[Data records]
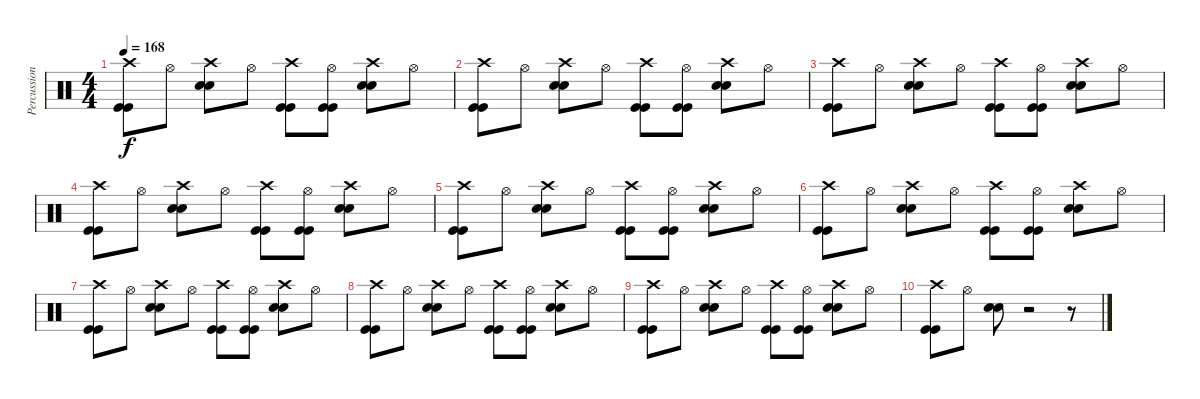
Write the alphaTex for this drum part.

\track ("Percussion" "Percussion") {instrument percussion}
\staff {score}
\articulation defaults
\ts (4 4)
\tempo 168
\clef neutral
\ks c
("Crash high (hit)" "Kick (hit)" "Kick (hit)").8{dy f} "Hi-Hat (open)".8 ("Crash high (hit)" "Snare (hit) 2" "Snare (hit) 2").8 "Hi-Hat (open)".8 ("Crash high (hit)" "Kick (hit)" "Kick (hit)").8 ("Hi-Hat (open)" "Kick (hit)" "Kick (hit)").8 ("Crash high (hit)" "Snare (hit) 2" "Snare (hit) 2").8 "Hi-Hat (open)".8 |
("Crash high (hit)" "Kick (hit)" "Kick (hit)").8 "Hi-Hat (open)".8 ("Crash high (hit)" "Snare (hit) 2" "Snare (hit) 2").8 "Hi-Hat (open)".8 ("Crash high (hit)" "Kick (hit)" "Kick (hit)").8 ("Hi-Hat (open)" "Kick (hit)" "Kick (hit)").8 ("Crash high (hit)" "Snare (hit) 2" "Snare (hit) 2").8 "Hi-Hat (open)".8 |
("Crash high (hit)" "Kick (hit)" "Kick (hit)").8 "Hi-Hat (open)".8 ("Crash high (hit)" "Snare (hit) 2" "Snare (hit) 2").8 "Hi-Hat (open)".8 ("Crash high (hit)" "Kick (hit)" "Kick (hit)").8 ("Hi-Hat (open)" "Kick (hit)" "Kick (hit)").8 ("Crash high (hit)" "Snare (hit) 2" "Snare (hit) 2").8 "Hi-Hat (open)".8 |
("Crash high (hit)" "Kick (hit)" "Kick (hit)").8 "Hi-Hat (open)".8 ("Crash high (hit)" "Snare (hit) 2" "Snare (hit) 2").8 "Hi-Hat (open)".8 ("Crash high (hit)" "Kick (hit)" "Kick (hit)").8 ("Hi-Hat (open)" "Kick (hit)" "Kick (hit)").8 ("Crash high (hit)" "Snare (hit) 2" "Snare (hit) 2").8 "Hi-Hat (open)".8 |
("Crash high (hit)" "Kick (hit)" "Kick (hit)").8 "Hi-Hat (open)".8 ("Crash high (hit)" "Snare (hit) 2" "Snare (hit) 2").8 "Hi-Hat (open)".8 ("Crash high (hit)" "Kick (hit)" "Kick (hit)").8 ("Hi-Hat (open)" "Kick (hit)" "Kick (hit)").8 ("Crash high (hit)" "Snare (hit) 2" "Snare (hit) 2").8 "Hi-Hat (open)".8 |
("Crash high (hit)" "Kick (hit)" "Kick (hit)").8 "Hi-Hat (open)".8 ("Crash high (hit)" "Snare (hit) 2" "Snare (hit) 2").8 "Hi-Hat (open)".8 ("Crash high (hit)" "Kick (hit)" "Kick (hit)").8 ("Hi-Hat (open)" "Kick (hit)" "Kick (hit)").8 ("Crash high (hit)" "Snare (hit) 2" "Snare (hit) 2").8 "Hi-Hat (open)".8 |
("Crash high (hit)" "Kick (hit)" "Kick (hit)").8 "Hi-Hat (open)".8 ("Crash high (hit)" "Snare (hit) 2" "Snare (hit) 2").8 "Hi-Hat (open)".8 ("Crash high (hit)" "Kick (hit)" "Kick (hit)").8 ("Hi-Hat (open)" "Kick (hit)" "Kick (hit)").8 ("Crash high (hit)" "Snare (hit) 2" "Snare (hit) 2").8 "Hi-Hat (open)".8 |
("Crash high (hit)" "Kick (hit)" "Kick (hit)").8 "Hi-Hat (open)".8 ("Crash high (hit)" "Snare (hit) 2" "Snare (hit) 2").8 "Hi-Hat (open)".8 ("Crash high (hit)" "Kick (hit)" "Kick (hit)").8 ("Hi-Hat (open)" "Kick (hit)" "Kick (hit)").8 ("Crash high (hit)" "Snare (hit) 2" "Snare (hit) 2").8 "Hi-Hat (open)".8 |
("Crash high (hit)" "Kick (hit)" "Kick (hit)").8 "Hi-Hat (open)".8 ("Crash high (hit)" "Snare (hit) 2" "Snare (hit) 2").8 "Hi-Hat (open)".8 ("Crash high (hit)" "Kick (hit)" "Kick (hit)").8 ("Hi-Hat (open)" "Kick (hit)" "Kick (hit)").8 ("Crash high (hit)" "Snare (hit) 2" "Snare (hit) 2").8 "Hi-Hat (open)".8 |
("Crash high (hit)" "Kick (hit)" "Kick (hit)").8 "Hi-Hat (open)".8 ("Snare (hit) 2" "Snare (hit) 2").8 r.2 r.8

→ **Exercise instructions**
The answer is a faithful copy of the records above, with the pictures removed.

→ **Reply**
Write the alphaTex for this drum part.

\track ("Percussion" "Percussion") {instrument percussion}
\staff {score}
\articulation defaults
\ts (4 4)
\tempo 168
\clef neutral
\ks c
("Crash high (hit)" "Kick (hit)" "Kick (hit)").8{dy f} "Hi-Hat (open)".8 ("Crash high (hit)" "Snare (hit) 2" "Snare (hit) 2").8 "Hi-Hat (open)".8 ("Crash high (hit)" "Kick (hit)" "Kick (hit)").8 ("Hi-Hat (open)" "Kick (hit)" "Kick (hit)").8 ("Crash high (hit)" "Snare (hit) 2" "Snare (hit) 2").8 "Hi-Hat (open)".8 |
("Crash high (hit)" "Kick (hit)" "Kick (hit)").8 "Hi-Hat (open)".8 ("Crash high (hit)" "Snare (hit) 2" "Snare (hit) 2").8 "Hi-Hat (open)".8 ("Crash high (hit)" "Kick (hit)" "Kick (hit)").8 ("Hi-Hat (open)" "Kick (hit)" "Kick (hit)").8 ("Crash high (hit)" "Snare (hit) 2" "Snare (hit) 2").8 "Hi-Hat (open)".8 |
("Crash high (hit)" "Kick (hit)" "Kick (hit)").8 "Hi-Hat (open)".8 ("Crash high (hit)" "Snare (hit) 2" "Snare (hit) 2").8 "Hi-Hat (open)".8 ("Crash high (hit)" "Kick (hit)" "Kick (hit)").8 ("Hi-Hat (open)" "Kick (hit)" "Kick (hit)").8 ("Crash high (hit)" "Snare (hit) 2" "Snare (hit) 2").8 "Hi-Hat (open)".8 |
("Crash high (hit)" "Kick (hit)" "Kick (hit)").8 "Hi-Hat (open)".8 ("Crash high (hit)" "Snare (hit) 2" "Snare (hit) 2").8 "Hi-Hat (open)".8 ("Crash high (hit)" "Kick (hit)" "Kick (hit)").8 ("Hi-Hat (open)" "Kick (hit)" "Kick (hit)").8 ("Crash high (hit)" "Snare (hit) 2" "Snare (hit) 2").8 "Hi-Hat (open)".8 |
("Crash high (hit)" "Kick (hit)" "Kick (hit)").8 "Hi-Hat (open)".8 ("Crash high (hit)" "Snare (hit) 2" "Snare (hit) 2").8 "Hi-Hat (open)".8 ("Crash high (hit)" "Kick (hit)" "Kick (hit)").8 ("Hi-Hat (open)" "Kick (hit)" "Kick (hit)").8 ("Crash high (hit)" "Snare (hit) 2" "Snare (hit) 2").8 "Hi-Hat (open)".8 |
("Crash high (hit)" "Kick (hit)" "Kick (hit)").8 "Hi-Hat (open)".8 ("Crash high (hit)" "Snare (hit) 2" "Snare (hit) 2").8 "Hi-Hat (open)".8 ("Crash high (hit)" "Kick (hit)" "Kick (hit)").8 ("Hi-Hat (open)" "Kick (hit)" "Kick (hit)").8 ("Crash high (hit)" "Snare (hit) 2" "Snare (hit) 2").8 "Hi-Hat (open)".8 |
("Crash high (hit)" "Kick (hit)" "Kick (hit)").8 "Hi-Hat (open)".8 ("Crash high (hit)" "Snare (hit) 2" "Snare (hit) 2").8 "Hi-Hat (open)".8 ("Crash high (hit)" "Kick (hit)" "Kick (hit)").8 ("Hi-Hat (open)" "Kick (hit)" "Kick (hit)").8 ("Crash high (hit)" "Snare (hit) 2" "Snare (hit) 2").8 "Hi-Hat (open)".8 |
("Crash high (hit)" "Kick (hit)" "Kick (hit)").8 "Hi-Hat (open)".8 ("Crash high (hit)" "Snare (hit) 2" "Snare (hit) 2").8 "Hi-Hat (open)".8 ("Crash high (hit)" "Kick (hit)" "Kick (hit)").8 ("Hi-Hat (open)" "Kick (hit)" "Kick (hit)").8 ("Crash high (hit)" "Snare (hit) 2" "Snare (hit) 2").8 "Hi-Hat (open)".8 |
("Crash high (hit)" "Kick (hit)" "Kick (hit)").8 "Hi-Hat (open)".8 ("Crash high (hit)" "Snare (hit) 2" "Snare (hit) 2").8 "Hi-Hat (open)".8 ("Crash high (hit)" "Kick (hit)" "Kick (hit)").8 ("Hi-Hat (open)" "Kick (hit)" "Kick (hit)").8 ("Crash high (hit)" "Snare (hit) 2" "Snare (hit) 2").8 "Hi-Hat (open)".8 |
("Crash high (hit)" "Kick (hit)" "Kick (hit)").8 "Hi-Hat (open)".8 ("Snare (hit) 2" "Snare (hit) 2").8 r.2 r.8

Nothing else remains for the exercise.